Graphics and GPU Programming Programming

Started by HellRaiZer October 23, 2003 04:07 AM

12 comments, last by HellRaiZer 20 years, 5 months ago

Yann L

1,806

October 26, 2003 06:04 PM

OK, here some answers. Took a while, but I was busy with Real Life™ this weekend

quote:Original post by HellRaiZer
I want your opinion on the steps. Esp. on the frequency series...

1) Generate n octaves of noise, using the same dimensions for all of them (e.g 32x32), and with (Frequency * 2^i, Persistance^i) for every one of them.

2) Having those n "textures" at (e.g) 16x16 resolution, start stretching them in the order: (final texture 256x256, n = 5)

3) Add those octaves together by tiling them accordingly, using a weighted averange.

4) Do the exponential pass and shading (???)

Yes, that is correct.

quote:
I think, i understand the above paragraph now. I was confused with the terminology. x is the tile coef used for the 0 octave of the above table. So if x = 2 then oct[4] must be tiled 32x32 times instead of 16x16. Is this correct?

Yes. I now realize that the variable name I picked (''x'') must have been a little confusing. Just call it ''tc'' for tile coefficient, if you want.

quote:
Using octaves'' resolution 16x16, when creating the noise on the GPU, is just for that. I mean, you keep it low, because it''s calculated on the GPU, or this resolution gives good results either way (CPU - GPU)? Should i keep it small for faster re-generation, or there are other tricks for that?

16x16 is just a size.

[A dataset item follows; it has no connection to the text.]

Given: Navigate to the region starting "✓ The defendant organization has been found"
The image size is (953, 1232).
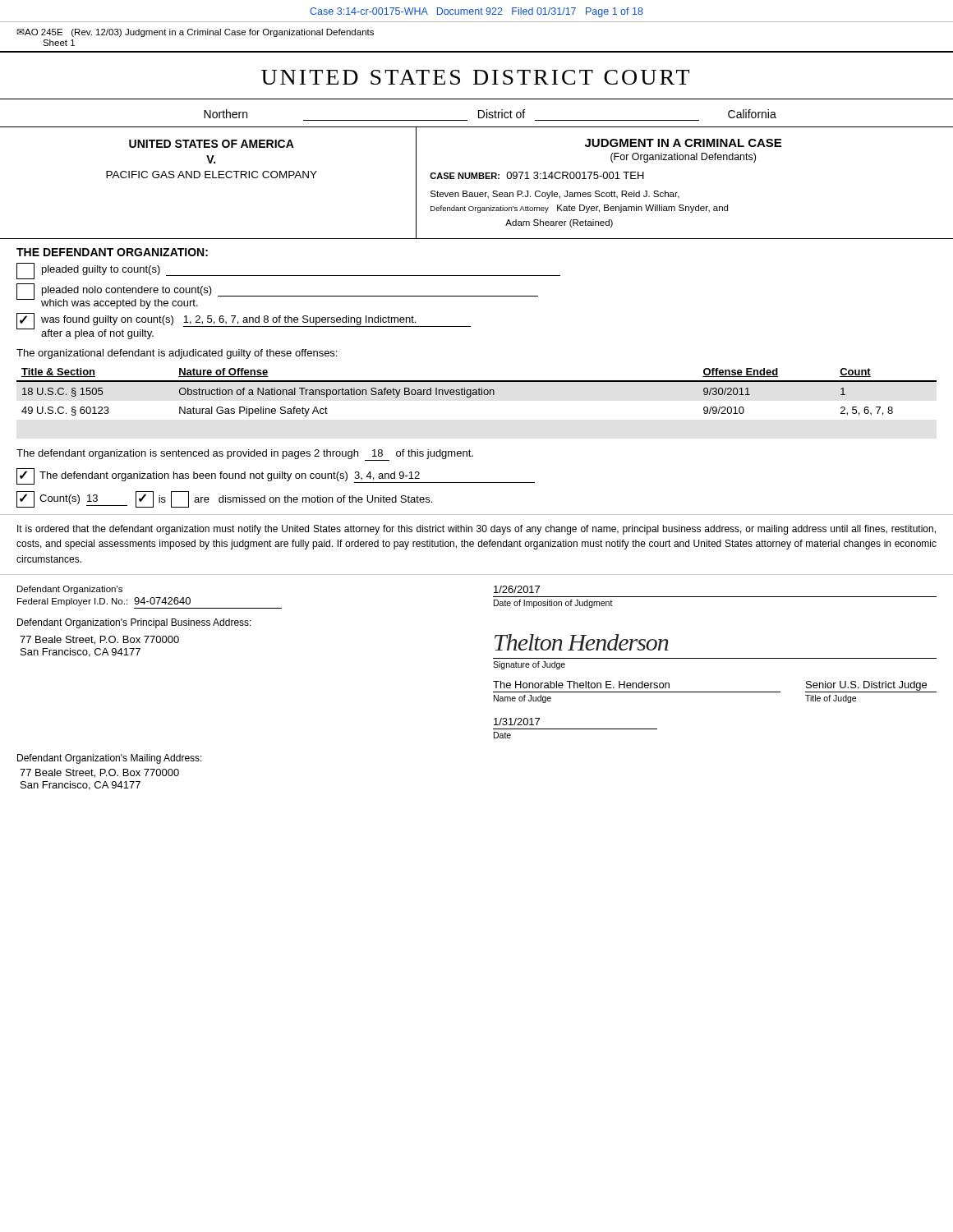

I use 64x64 on my current implementation, but it doesn''t really matter that much. Don''t make it too large, as you''ll have to regenerate this on the CPU to animate the clouds. And larger pieces will take longer to generate and upload. Don''t make it too small, or the noise will show visual artifacts. Typically, 16², 32² or 64² are good candidates.

quote:
Till now my stretching, as i said earlier, is like NEAREST, NEAREST filter, and it looks really bad. Should i implement something like bilinear filtering for stretching the originally-small octaves?

Well, if you want good quality, then the answer is definitely yes. The advantage of adding the octaves on the GPU, is that you''ll get the filtering automatically. If you want to render the noise on the CPU, you''ll also need to implement some form of interpolation. Back in the old days, this was quite hard and very slow. But nowadays, with SIMD, it''s not that bad anymore.

quote:
Is there a similar easy way for a better stretching "filter"? Can i perform tiling and stretching in one pass? Or i have to stretch every octave to its final dimensions, and then add them togoether by tiling? (Does it make any sense??)

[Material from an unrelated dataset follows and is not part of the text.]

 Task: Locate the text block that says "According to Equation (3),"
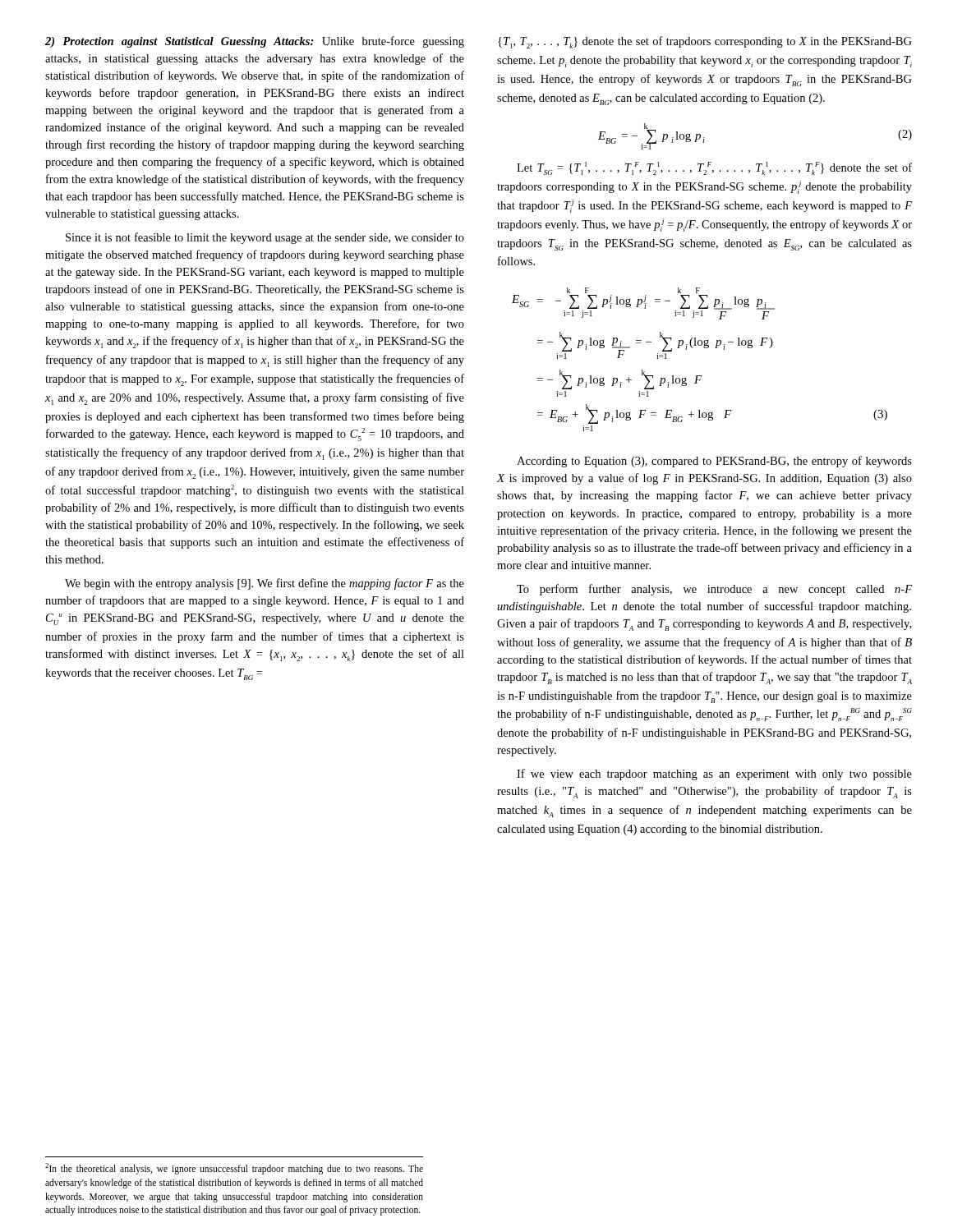[705, 513]

There are tons of different scaling techniques for 2D images available. Many can combine tiling and interpolation. Tiling is nothing but a simple wrap-around, at least if the textures are powers of two. Search the net, there are plenty of resources out there. For good performance, I would definitely recommend SIMD ASM though.

quote:
Until summation, should i keep noise data in the [-1, 1] field, or i can convert them to [0, 255] field? It saves 3 bytes, but i have to transform the values back to [-1, 1] for weighting them and summing.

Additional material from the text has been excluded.